§ **Problem to work on**:
Word for word, repeat the entries, minus the pictures.

Items from a dataset
+++++

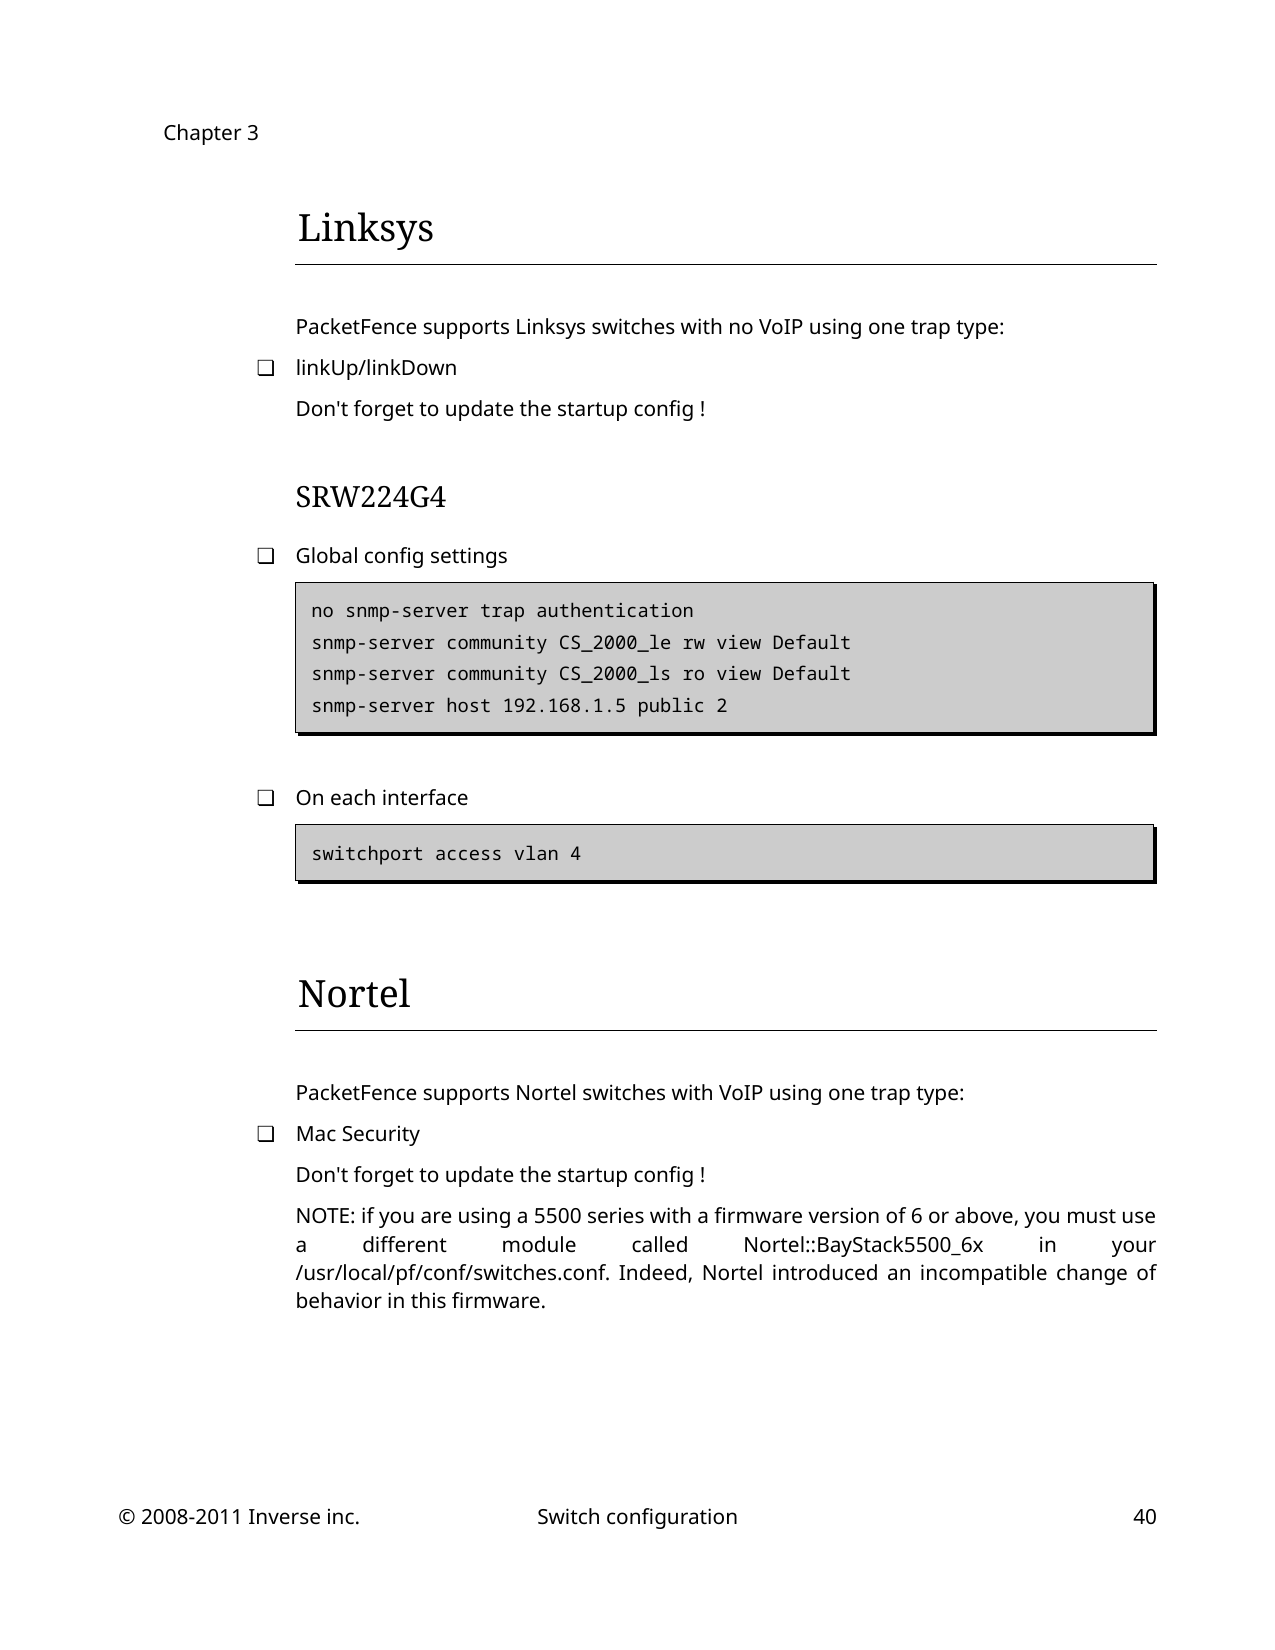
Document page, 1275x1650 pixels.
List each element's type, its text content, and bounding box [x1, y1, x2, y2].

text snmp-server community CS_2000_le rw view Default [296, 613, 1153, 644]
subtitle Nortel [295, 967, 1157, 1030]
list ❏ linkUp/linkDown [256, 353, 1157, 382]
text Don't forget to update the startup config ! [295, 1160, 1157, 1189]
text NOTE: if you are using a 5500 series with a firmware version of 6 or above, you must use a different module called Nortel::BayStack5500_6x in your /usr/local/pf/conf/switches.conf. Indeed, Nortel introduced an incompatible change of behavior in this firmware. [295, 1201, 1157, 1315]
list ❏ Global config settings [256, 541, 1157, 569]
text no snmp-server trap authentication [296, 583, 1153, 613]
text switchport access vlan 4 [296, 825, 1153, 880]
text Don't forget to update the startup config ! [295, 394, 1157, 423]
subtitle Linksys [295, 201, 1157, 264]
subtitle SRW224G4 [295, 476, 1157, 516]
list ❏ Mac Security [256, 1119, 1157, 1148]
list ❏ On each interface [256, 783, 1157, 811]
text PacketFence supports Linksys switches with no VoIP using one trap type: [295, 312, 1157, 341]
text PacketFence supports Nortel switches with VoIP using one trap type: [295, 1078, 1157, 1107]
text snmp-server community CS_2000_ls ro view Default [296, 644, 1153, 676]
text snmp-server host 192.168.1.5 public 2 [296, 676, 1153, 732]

+++++

§ **Solution to this task**:
Document page, 1275x1650 pixels.
List each element's type, its text content, and bounding box [x1, y1, x2, y2].

text snmp-server community CS_2000_le rw view Default [296, 613, 1153, 644]
subtitle Nortel [295, 967, 1157, 1030]
list ❏ linkUp/linkDown [256, 353, 1157, 382]
text Don't forget to update the startup config ! [295, 1160, 1157, 1189]
text NOTE: if you are using a 5500 series with a firmware version of 6 or above, you must use a different module called Nortel::BayStack5500_6x in your /usr/local/pf/conf/switches.conf. Indeed, Nortel introduced an incompatible change of behavior in this firmware. [295, 1201, 1157, 1315]
list ❏ Global config settings [256, 541, 1157, 569]
text no snmp-server trap authentication [296, 583, 1153, 613]
text switchport access vlan 4 [296, 825, 1153, 880]
text Don't forget to update the startup config ! [295, 394, 1157, 423]
subtitle Linksys [295, 201, 1157, 264]
subtitle SRW224G4 [295, 476, 1157, 516]
list ❏ Mac Security [256, 1119, 1157, 1148]
list ❏ On each interface [256, 783, 1157, 811]
text PacketFence supports Linksys switches with no VoIP using one trap type: [295, 312, 1157, 341]
text PacketFence supports Nortel switches with VoIP using one trap type: [295, 1078, 1157, 1107]
text snmp-server community CS_2000_ls ro view Default [296, 644, 1153, 676]
text snmp-server host 192.168.1.5 public 2 [296, 676, 1153, 732]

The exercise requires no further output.